Politically Incorrect Vintage Toys You've Never Seen Before
Written by Amanda Mannen
The modern toy industry sees its fair share of controversy as we start to think harder about what messages we really want to tell our children, but back in the day, we apparently never gave it a second thought. Either that or we assumed children would be delighted to spend their precious playtime hours psychologically and sometimes physically injuring themselves, with varying success. Those politically incorrect times resulted in some very politically incorrect toys that will drop your jaw all these years later. Let's begin our horrifying journey, shall we?
The Nutty Mad Indian is one of many controversial toys from the Marx Toy Company
The name alone seems highly suspect, but Nutty Mad was actually an entire line of toys made by the Marx Toy Company in the 1960s and not a comment upon the "Indian" himself. Based on the designs of Mad Magazine artists, the figures were intended to look grotesque, featuring ghoulish expressions and bulging, bloodshot eyes. Vikings and soldiers were counted among Nutty Mad's original series, so they could proudly claim that they didn't shy away from skewering anyone, no matter how revered the figure, but some of them give the modern consumer certain pause. One, called Mudder, is an aging woman with a pendulous bosom and a baby slung casually by the waist over her hip while she ominously clutches a frying pan. Another, called Donald the Demon, is a terrifying man-duck hybrid. The Marx Toy Company apparently saw no reason not to extend this treatment to indigenous peoples.
The Nutty Mad Indian With War Whoop features the signature swollen, reddened eyes of the toy line, but he's also smiling, with his tongue hanging out in a caricature of stereotypical Native depictions. The tongue actually vibrates when the battery-powered toy is activated, while emitting the most melodious "war whoop" this side of Peter Pan. It sounds more like the song of a pretty little bird than a fearsome call to violence.
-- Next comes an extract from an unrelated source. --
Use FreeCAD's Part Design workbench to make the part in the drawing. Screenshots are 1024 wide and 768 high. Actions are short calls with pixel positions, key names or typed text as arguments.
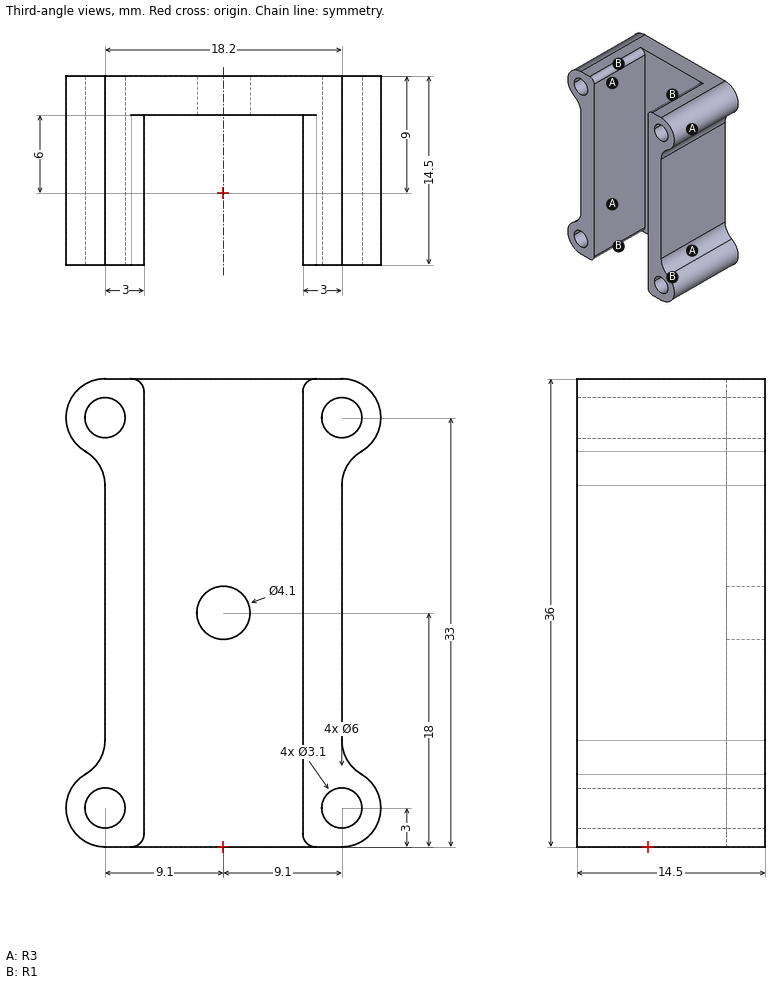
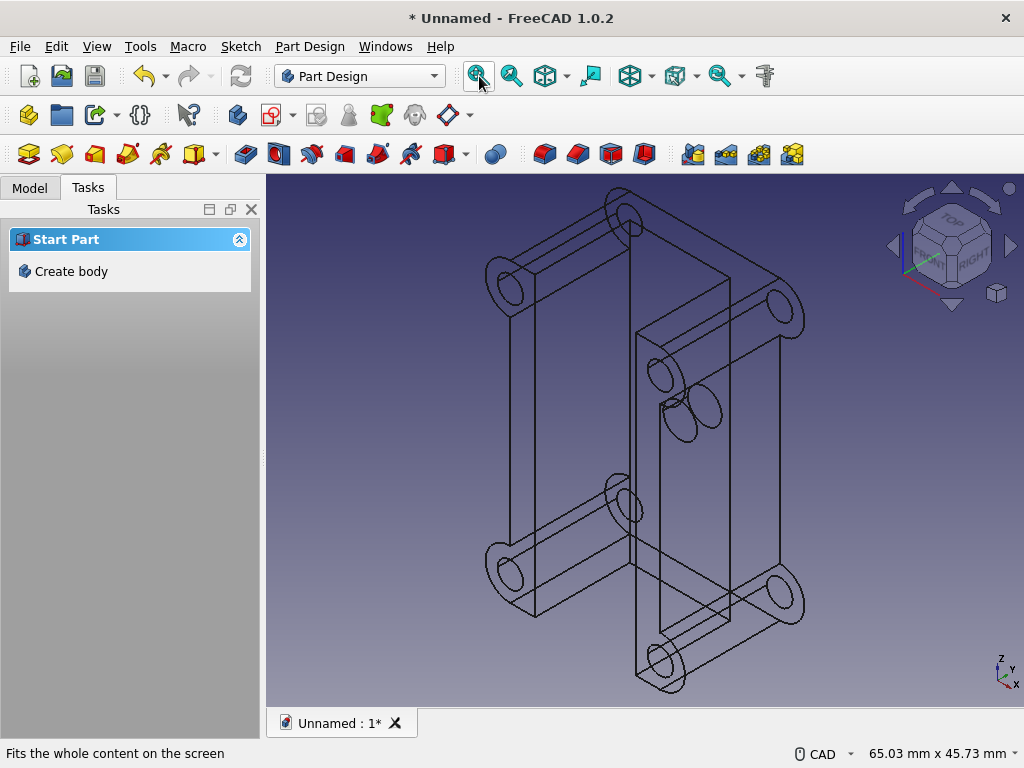
click(720, 597)

At the same time, it beats a drum in what can only loosely be called a "rhythm."
Nutty Mads are considered collectibles these days, and while most of them only fetch around $10 or $15, the Nutty Mad Indian With War Whoop sold for $120 in 2018. It's not clear why they're so rare, but they're not listed among the Nutty Mad original series, so it seems that Nutty Mad was all too eager to discontinue and disassociate from them. The Nutty Mad Indian With War Whoop wasn't even the only Native figure that Nutty Mad produced, however. Chief Lost Teepee, of all the possible names they could have gone with, sits cross-legged on top of a skeletal donkey, which seems like a very easy way to find yourself soon not sitting on top of a skeletal donkey. He wears a more placid, Jim Varney--like expression, but features the same cartoonishly crossed eyes. He sells for considerably less.